> About this task:
Word for word, output the data, with none of its pictures.

+ + +

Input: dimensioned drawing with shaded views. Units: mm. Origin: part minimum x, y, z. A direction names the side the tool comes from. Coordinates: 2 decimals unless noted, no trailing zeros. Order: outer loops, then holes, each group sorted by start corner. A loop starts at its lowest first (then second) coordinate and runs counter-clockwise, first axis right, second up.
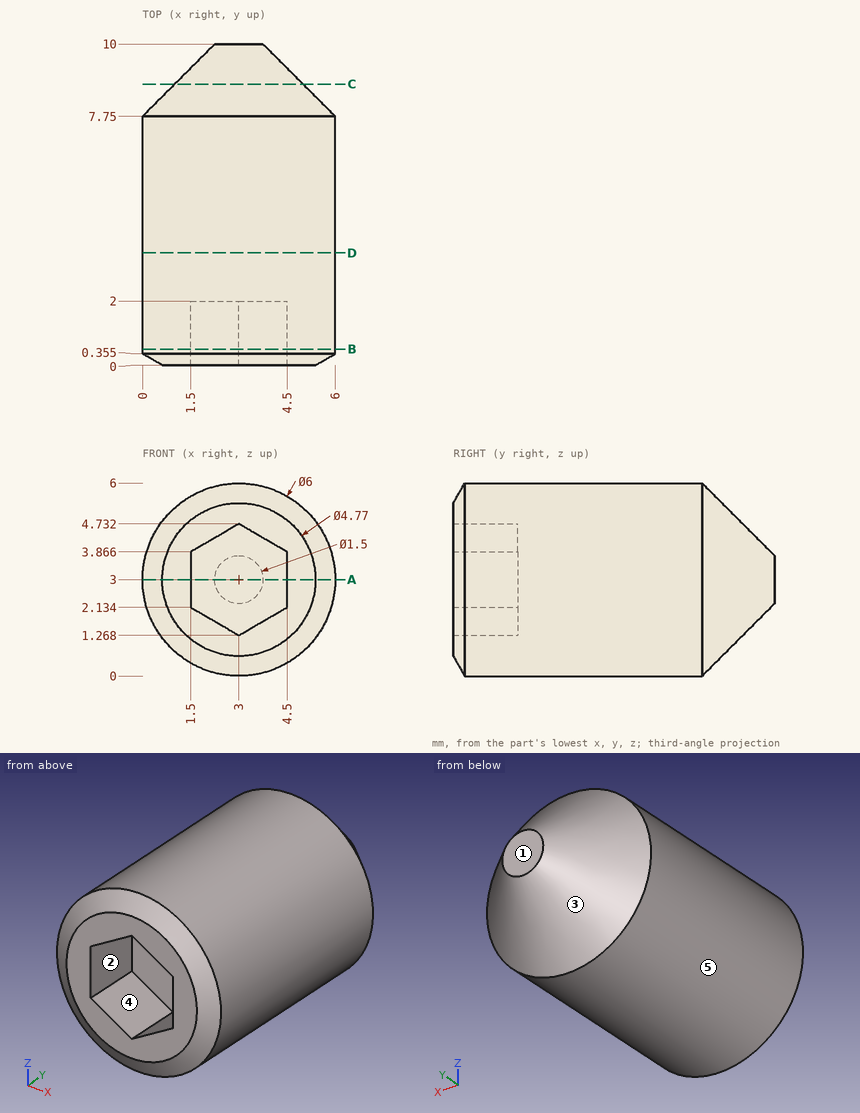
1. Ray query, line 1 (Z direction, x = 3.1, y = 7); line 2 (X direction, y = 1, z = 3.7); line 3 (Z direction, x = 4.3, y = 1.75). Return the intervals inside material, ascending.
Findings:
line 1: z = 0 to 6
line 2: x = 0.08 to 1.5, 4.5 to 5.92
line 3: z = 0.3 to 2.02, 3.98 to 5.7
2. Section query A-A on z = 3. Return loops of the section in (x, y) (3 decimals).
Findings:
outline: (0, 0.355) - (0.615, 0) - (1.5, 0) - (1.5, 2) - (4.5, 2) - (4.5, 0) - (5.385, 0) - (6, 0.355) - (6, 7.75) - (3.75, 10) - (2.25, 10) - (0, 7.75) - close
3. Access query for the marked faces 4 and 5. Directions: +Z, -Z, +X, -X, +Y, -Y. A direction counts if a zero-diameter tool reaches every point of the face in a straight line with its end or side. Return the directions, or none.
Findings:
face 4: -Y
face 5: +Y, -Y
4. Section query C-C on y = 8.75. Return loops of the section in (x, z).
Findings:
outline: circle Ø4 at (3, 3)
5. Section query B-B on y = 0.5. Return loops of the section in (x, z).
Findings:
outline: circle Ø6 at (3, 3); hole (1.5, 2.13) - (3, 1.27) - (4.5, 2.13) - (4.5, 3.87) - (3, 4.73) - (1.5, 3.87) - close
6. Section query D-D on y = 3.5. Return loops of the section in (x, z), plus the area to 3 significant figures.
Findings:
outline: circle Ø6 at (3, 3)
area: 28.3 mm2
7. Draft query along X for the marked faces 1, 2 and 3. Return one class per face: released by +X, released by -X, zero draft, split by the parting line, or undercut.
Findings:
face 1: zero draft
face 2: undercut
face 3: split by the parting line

+ + +

> Completed task:
Input: dimensioned drawing with shaded views. Units: mm. Origin: part minimum x, y, z. A direction names the side the tool comes from. Coordinates: 2 decimals unless noted, no trailing zeros. Order: outer loops, then holes, each group sorted by start corner. A loop starts at its lowest first (then second) coordinate and runs counter-clockwise, first axis right, second up.
1. Ray query, line 1 (Z direction, x = 3.1, y = 7); line 2 (X direction, y = 1, z = 3.7); line 3 (Z direction, x = 4.3, y = 1.75). Return the intervals inside material, ascending.
Findings:
line 1: z = 0 to 6
line 2: x = 0.08 to 1.5, 4.5 to 5.92
line 3: z = 0.3 to 2.02, 3.98 to 5.7
2. Section query A-A on z = 3. Return loops of the section in (x, y) (3 decimals).
Findings:
outline: (0, 0.355) - (0.615, 0) - (1.5, 0) - (1.5, 2) - (4.5, 2) - (4.5, 0) - (5.385, 0) - (6, 0.355) - (6, 7.75) - (3.75, 10) - (2.25, 10) - (0, 7.75) - close
3. Access query for the marked faces 4 and 5. Directions: +Z, -Z, +X, -X, +Y, -Y. A direction counts if a zero-diameter tool reaches every point of the face in a straight line with its end or side. Return the directions, or none.
Findings:
face 4: -Y
face 5: +Y, -Y
4. Section query C-C on y = 8.75. Return loops of the section in (x, z).
Findings:
outline: circle Ø4 at (3, 3)
5. Section query B-B on y = 0.5. Return loops of the section in (x, z).
Findings:
outline: circle Ø6 at (3, 3); hole (1.5, 2.13) - (3, 1.27) - (4.5, 2.13) - (4.5, 3.87) - (3, 4.73) - (1.5, 3.87) - close
6. Section query D-D on y = 3.5. Return loops of the section in (x, z), plus the area to 3 significant figures.
Findings:
outline: circle Ø6 at (3, 3)
area: 28.3 mm2
7. Draft query along X for the marked faces 1, 2 and 3. Return one class per face: released by +X, released by -X, zero draft, split by the parting line, or undercut.
Findings:
face 1: zero draft
face 2: undercut
face 3: split by the parting line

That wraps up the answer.